28.? Los Angeles Lakers
2015-16 record: 17-65
A long Year 1 back in Lakerland awaits rookie coach Luke Walton -- brutally long if you believe the oddsmakers whose livelihoods depend on getting these forecasts right. The Lakers' over/under going into training camp, with all that youth on the first Kobe Bryant-less roster in two decades, is 24.5 wins, according to the Las Vegas Westgate SuperBook ... three fewer than the Sixers' projected 27.5.
29.? Philadelphia 76ers
2015-16 record: 10-72
This season marks the 50-year anniversary of Wilt Chamberlain's 68-13 Sixers of 1966-67. It's also the start of a new era in Philly, with Ben Simmons ranking as the undisputed rookie of the year favorite and what was affectionately known as "The Process" now a memory. Are we getting ahead of ourselves to be swept up in all that romanticism and start these guys higher than No. 30? You really expected otherwise?
30.? Brooklyn Nets
2015-16 record: 21-61
All of the wise, measured moves we've seen from Sean Marks since the affable Kiwi assumed control of Brooklyn's front office can't change the reality that the Nets, until they prove otherwise, look like the weakest team in the league's weakest division. As much as we'd love to give bonus points for our fond memories of Olympic chats with new Net Luis Scola, or our longstanding belief that Jeremy Lin is underrated, we can't.

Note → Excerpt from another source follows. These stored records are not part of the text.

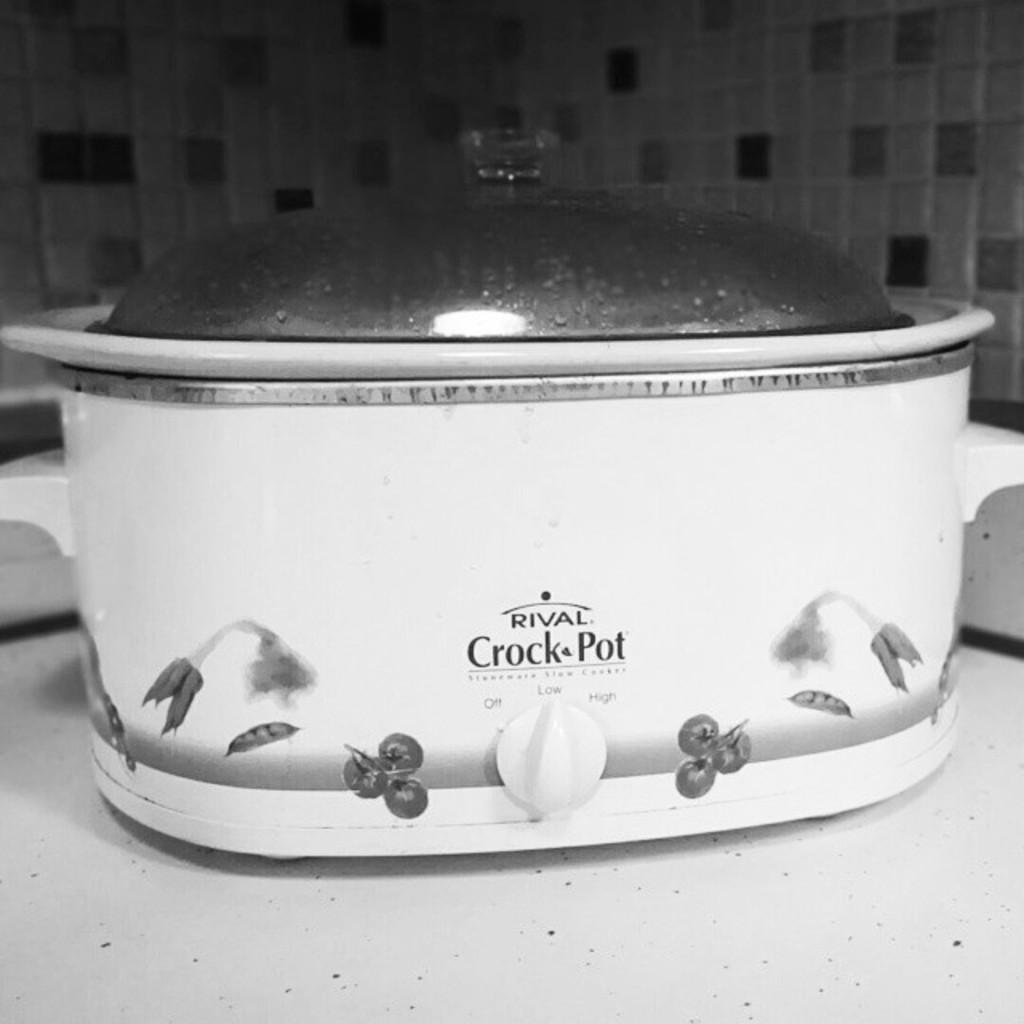<image>
Create a compact narrative representing the image presented. a pot that has the words crock pot on it 
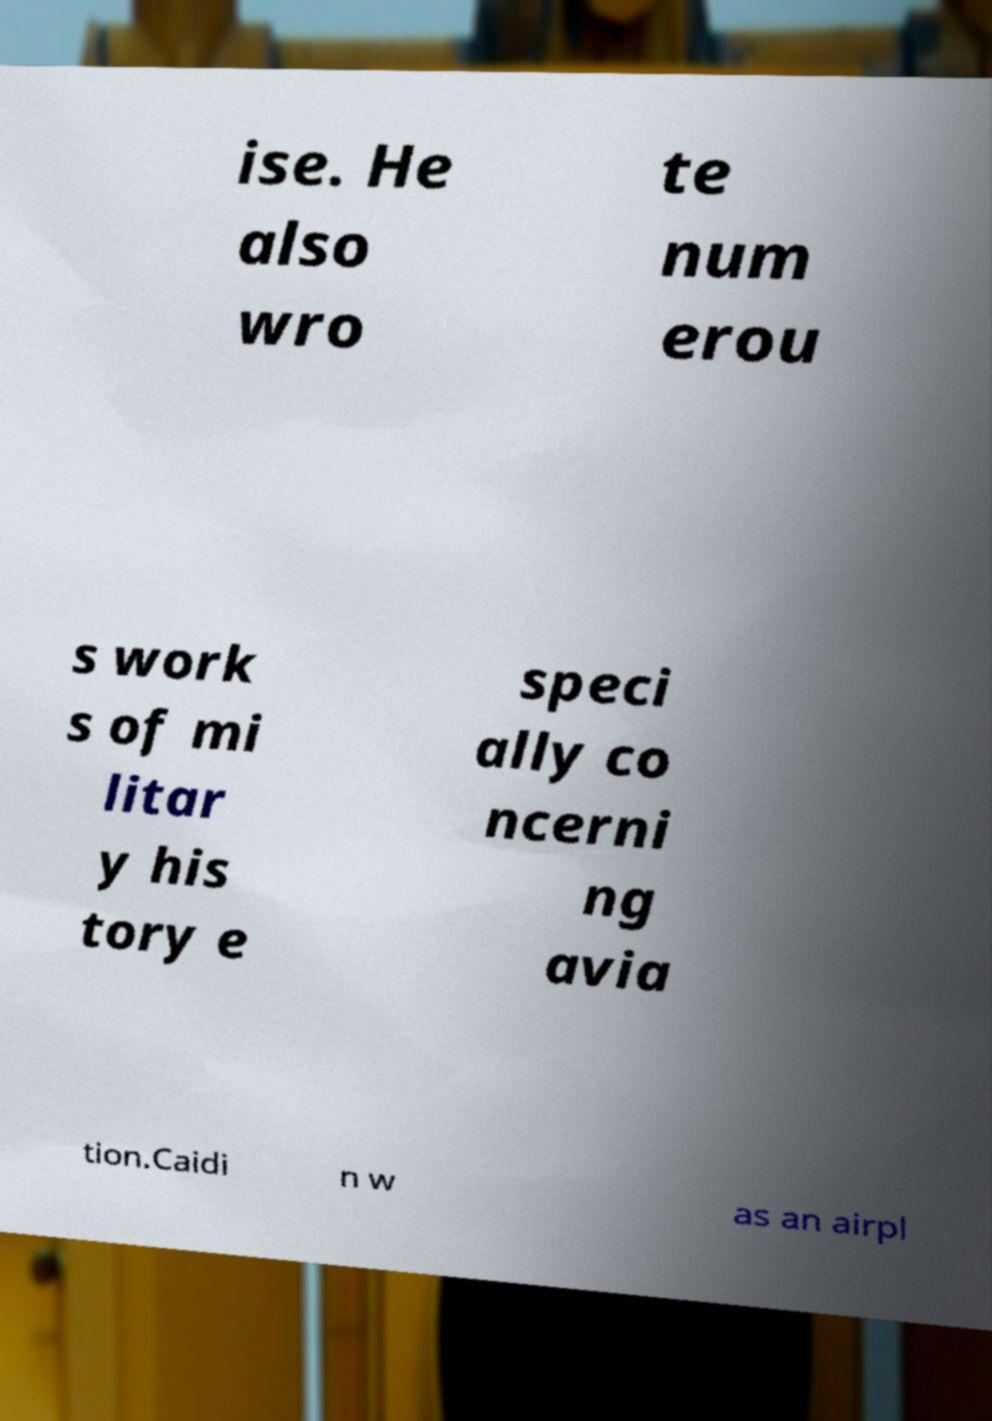There's text embedded in this image that I need extracted. Can you transcribe it verbatim? ise. He also wro te num erou s work s of mi litar y his tory e speci ally co ncerni ng avia tion.Caidi n w as an airpl 
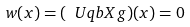Convert formula to latex. <formula><loc_0><loc_0><loc_500><loc_500>w ( x ) = ( \ U q b X g ) ( x ) = 0</formula>

PS -- The next edition of the rankings hits Oct. 24, on the eve of Opening Night, with peerless data and background material provided, as always, by ESPN Stats & Information and the Elias Sports Bureau. Then we'll meet up back here every Monday during the regular season to take the pulse of all 30 teams, relying on our trusty formula that weighs what's happening in the present against that team's big-picture outlook for the season, while always allowing for a dash of subjective whim.